"""

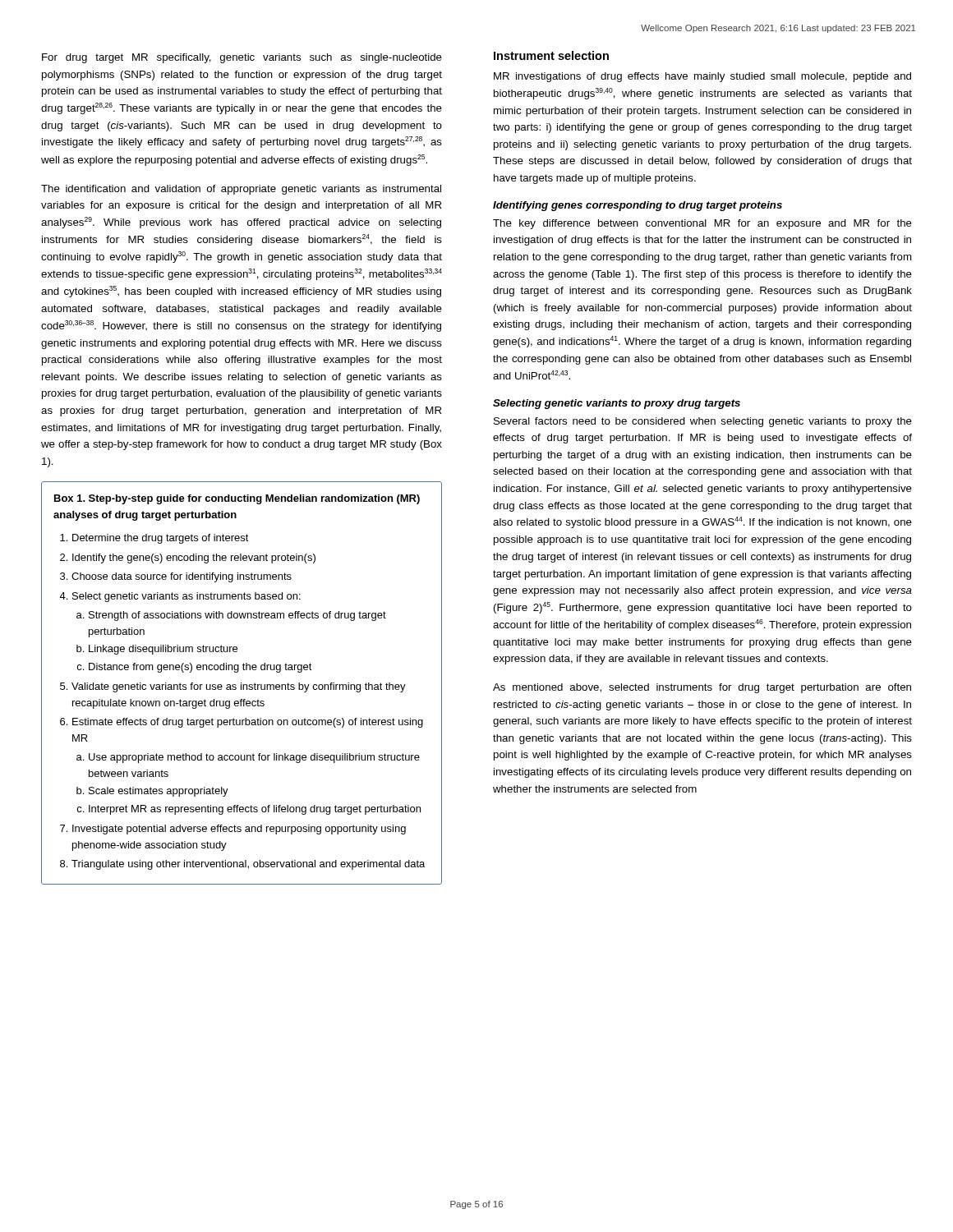
Task: Where is the passage that starts "MR investigations of"?
Action: coord(702,127)
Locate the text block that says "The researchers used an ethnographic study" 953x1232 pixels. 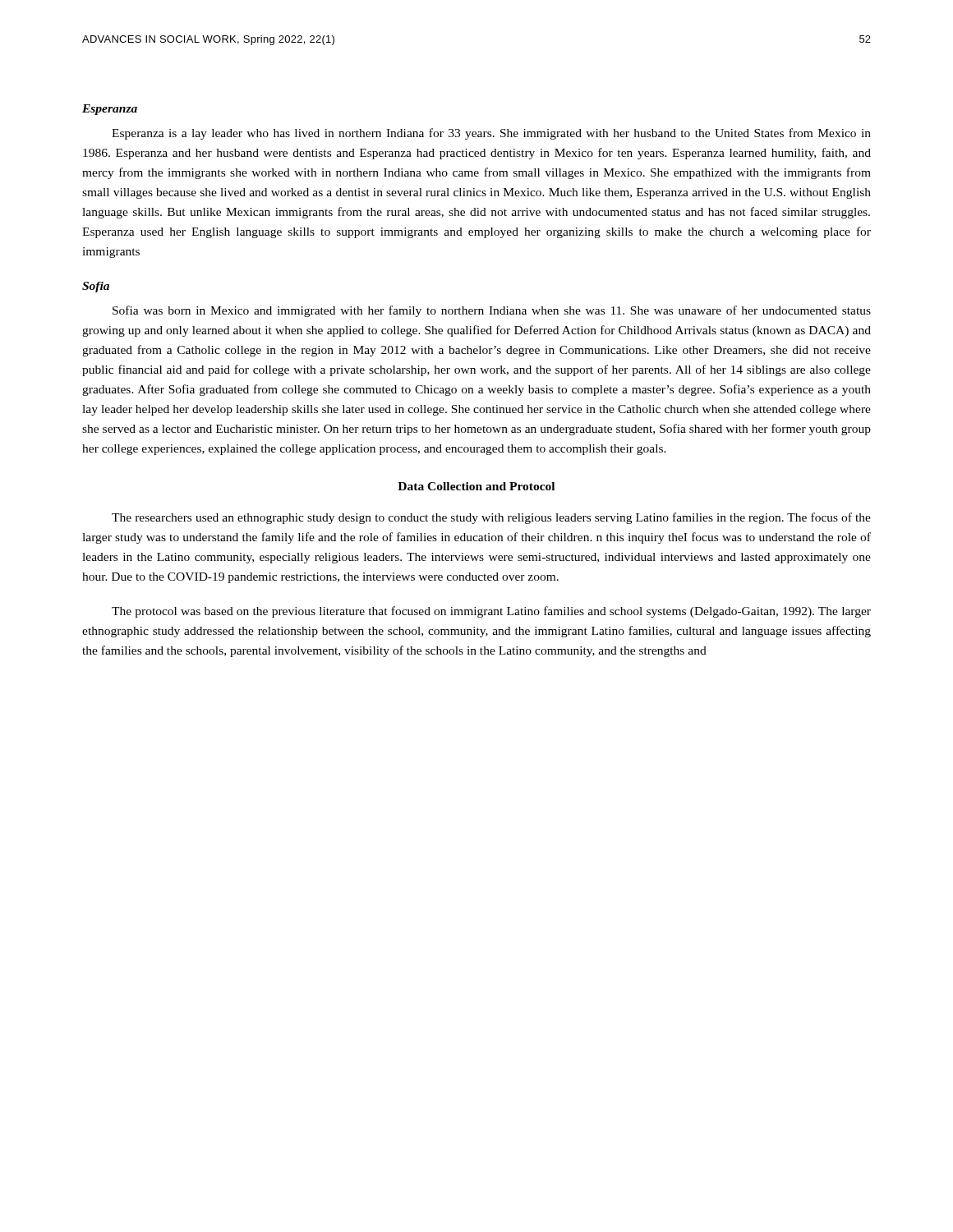(476, 547)
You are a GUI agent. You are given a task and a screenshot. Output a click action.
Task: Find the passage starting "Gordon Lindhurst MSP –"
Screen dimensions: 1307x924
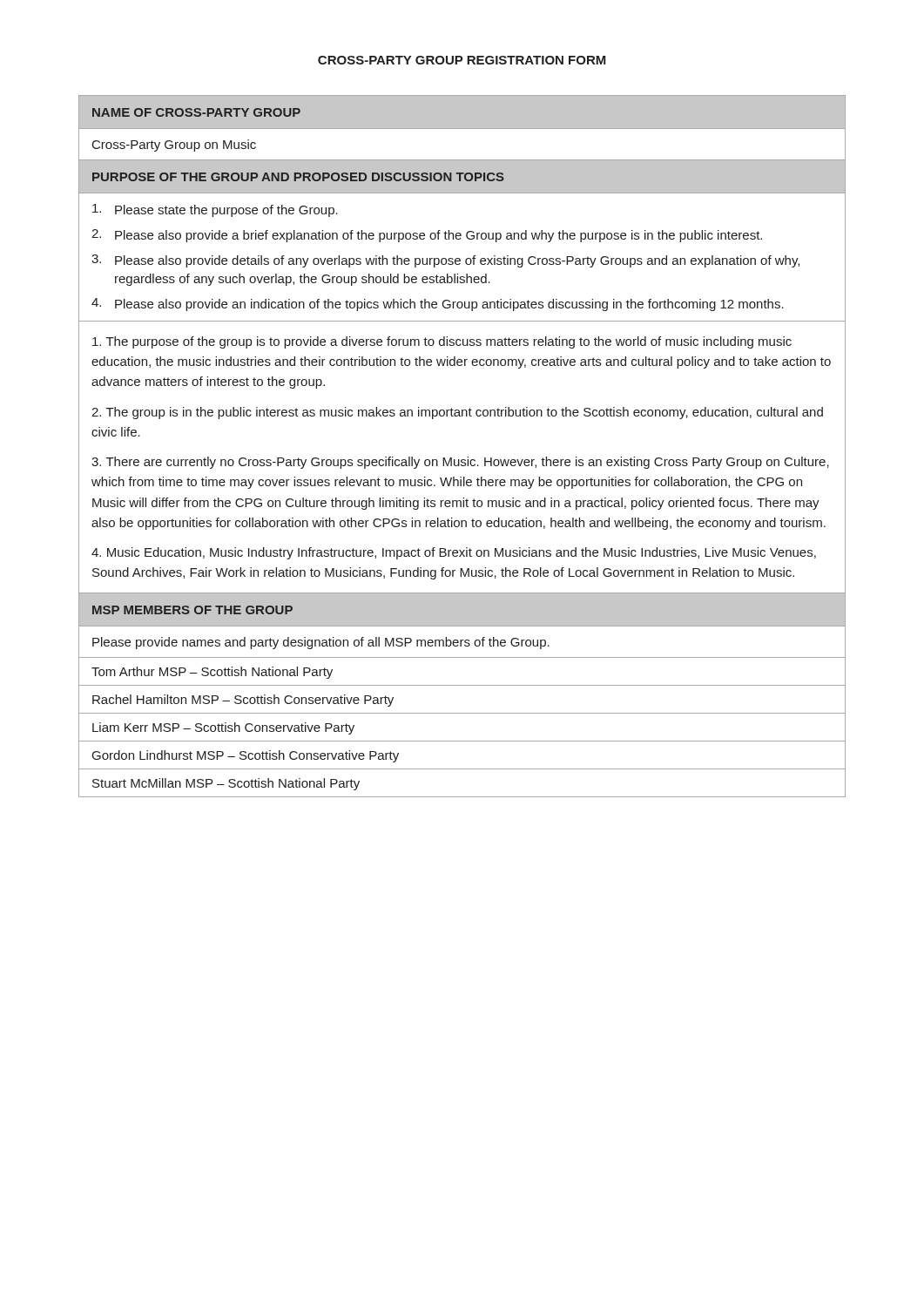pyautogui.click(x=245, y=755)

"""

### Task requirements
Reproduce, exactly and with no pictures, the lines from the line containing "You are a GUI" through the closing line of the data above, keeping both ends.

### Your solution
You are a GUI agent. You are given a task and a screenshot. Output a click action.
Task: Find the passage starting "Gordon Lindhurst MSP –"
Screen dimensions: 1307x924
pyautogui.click(x=245, y=755)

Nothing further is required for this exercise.